*Items from a dataset:*

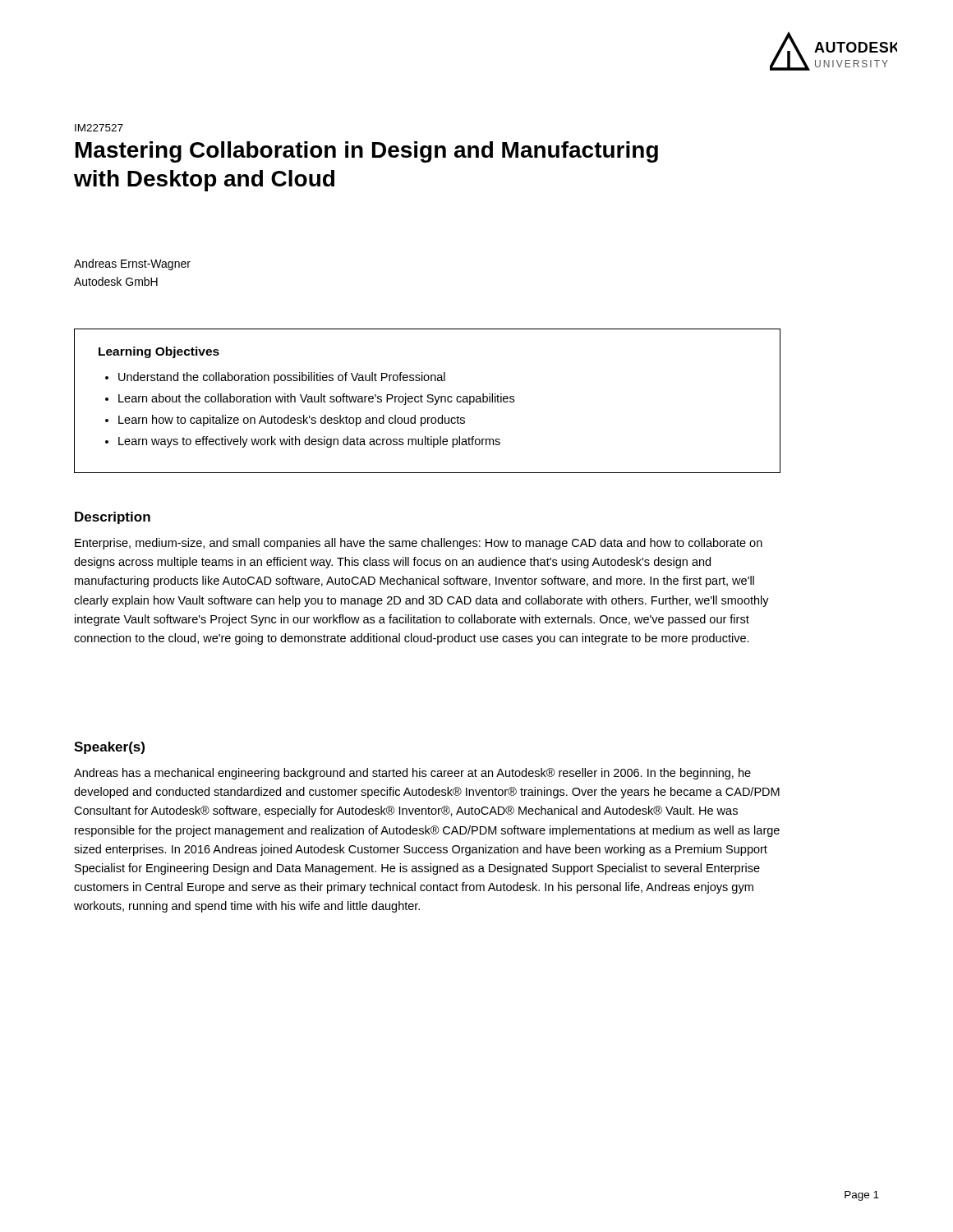Point to the region starting "Learn ways to effectively work"

pyautogui.click(x=309, y=441)
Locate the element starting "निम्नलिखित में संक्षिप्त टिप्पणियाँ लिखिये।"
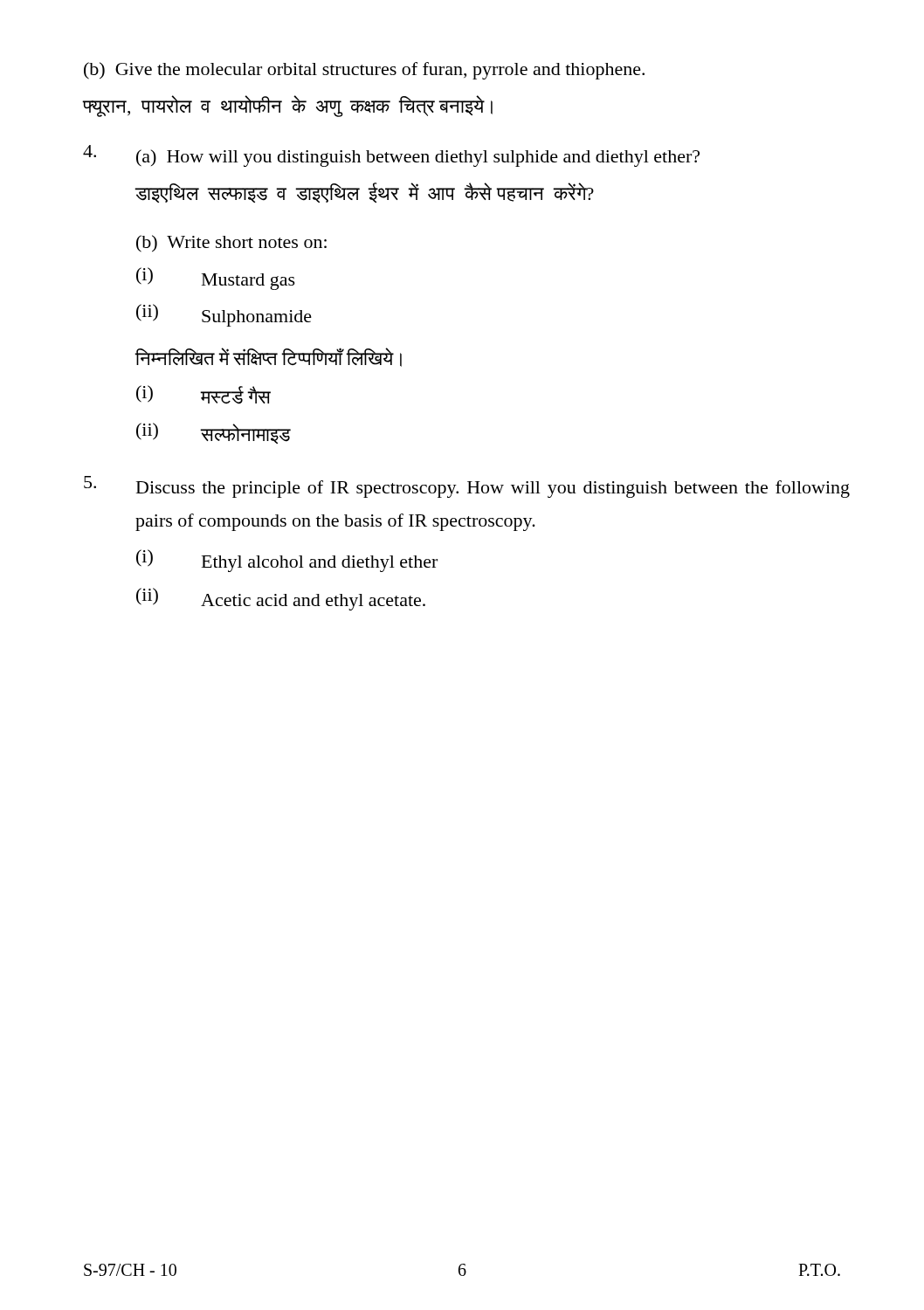 [x=268, y=357]
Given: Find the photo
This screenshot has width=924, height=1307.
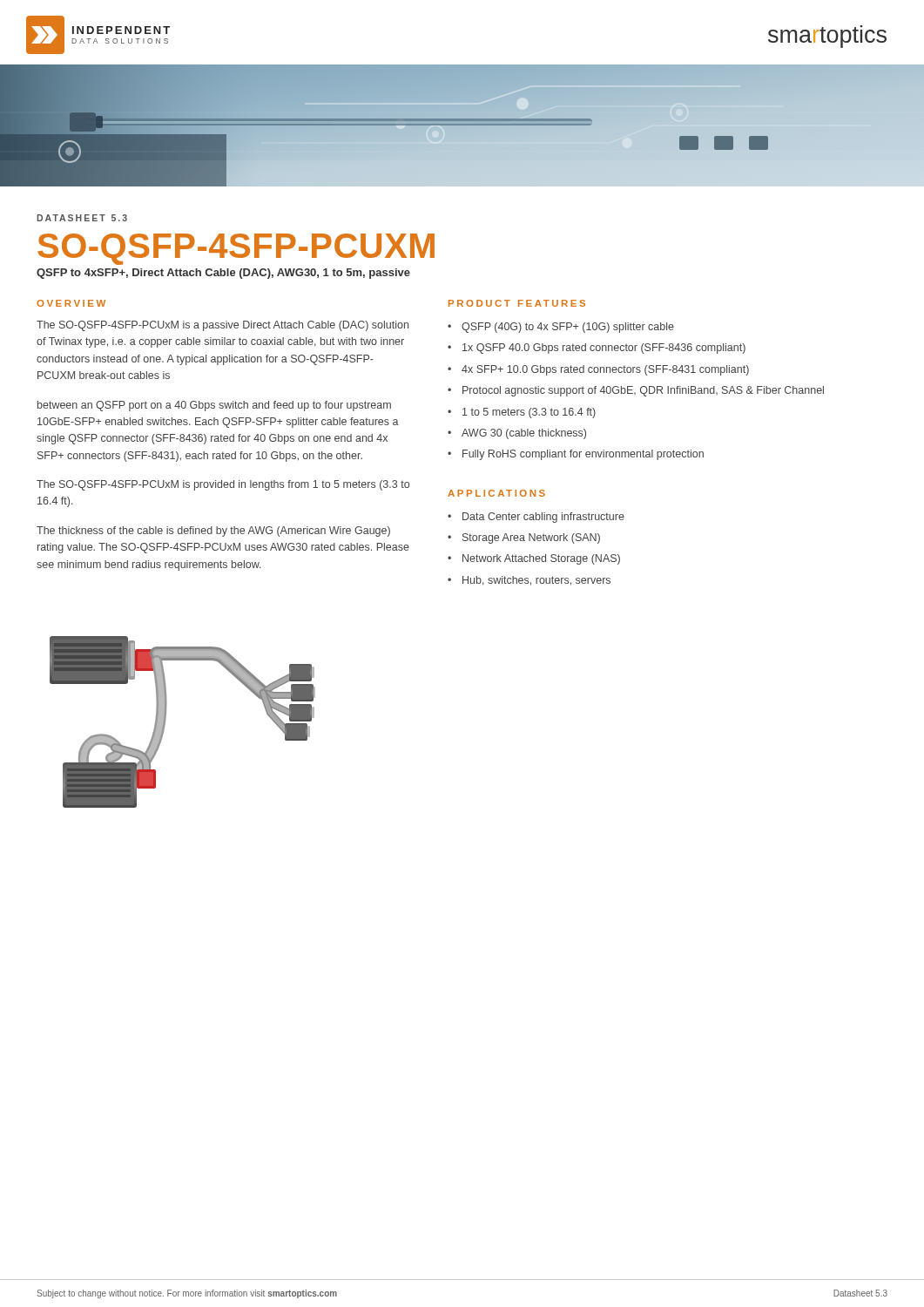Looking at the screenshot, I should click(x=224, y=714).
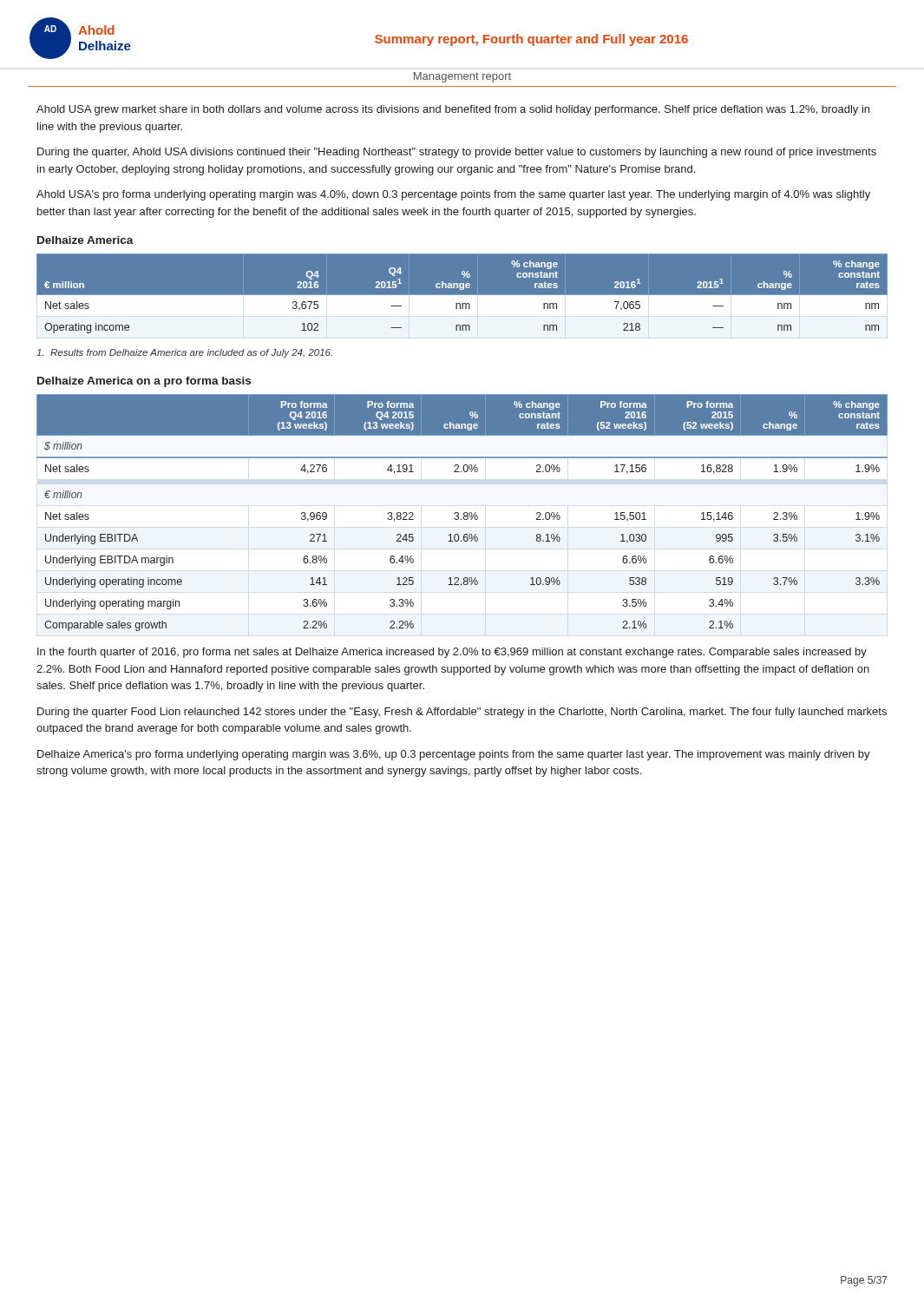Select the table that reads "$ million"
Viewport: 924px width, 1302px height.
[462, 515]
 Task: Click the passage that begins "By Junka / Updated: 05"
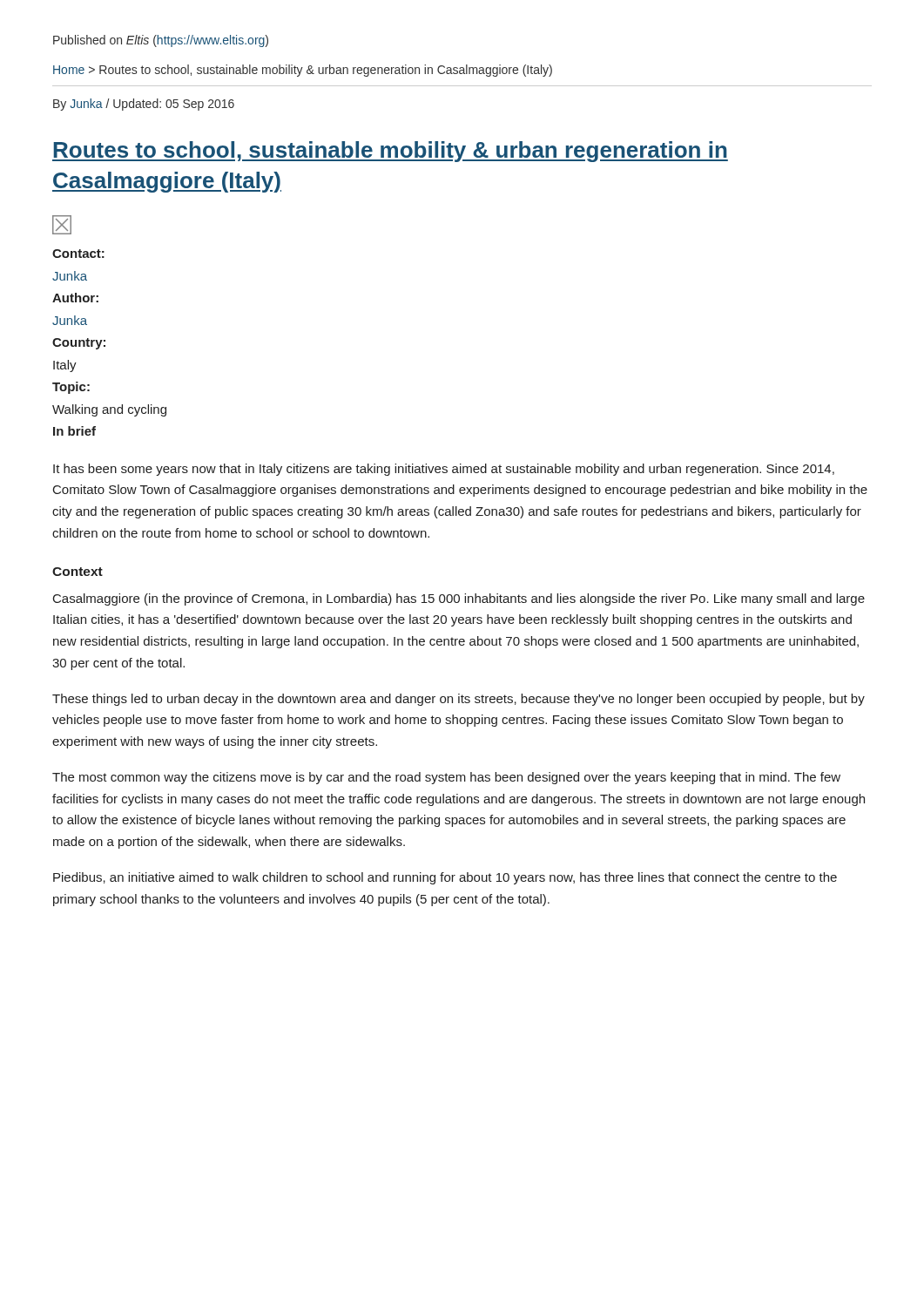pyautogui.click(x=143, y=104)

*ACTIVITY:* In the answer, include exactly the lines from the one containing "Given: Find the photo" through the end of the records above and no pictures at all.

*PROBLEM SOLUTION:*
Given: Find the photo
This screenshot has width=924, height=1307.
Looking at the screenshot, I should click(x=224, y=714).
Select the table that reads "$ million"
Viewport: 924px width, 1302px height.
[462, 515]
 Task: Click the passage that begins "By Junka / Updated: 05"
pyautogui.click(x=143, y=104)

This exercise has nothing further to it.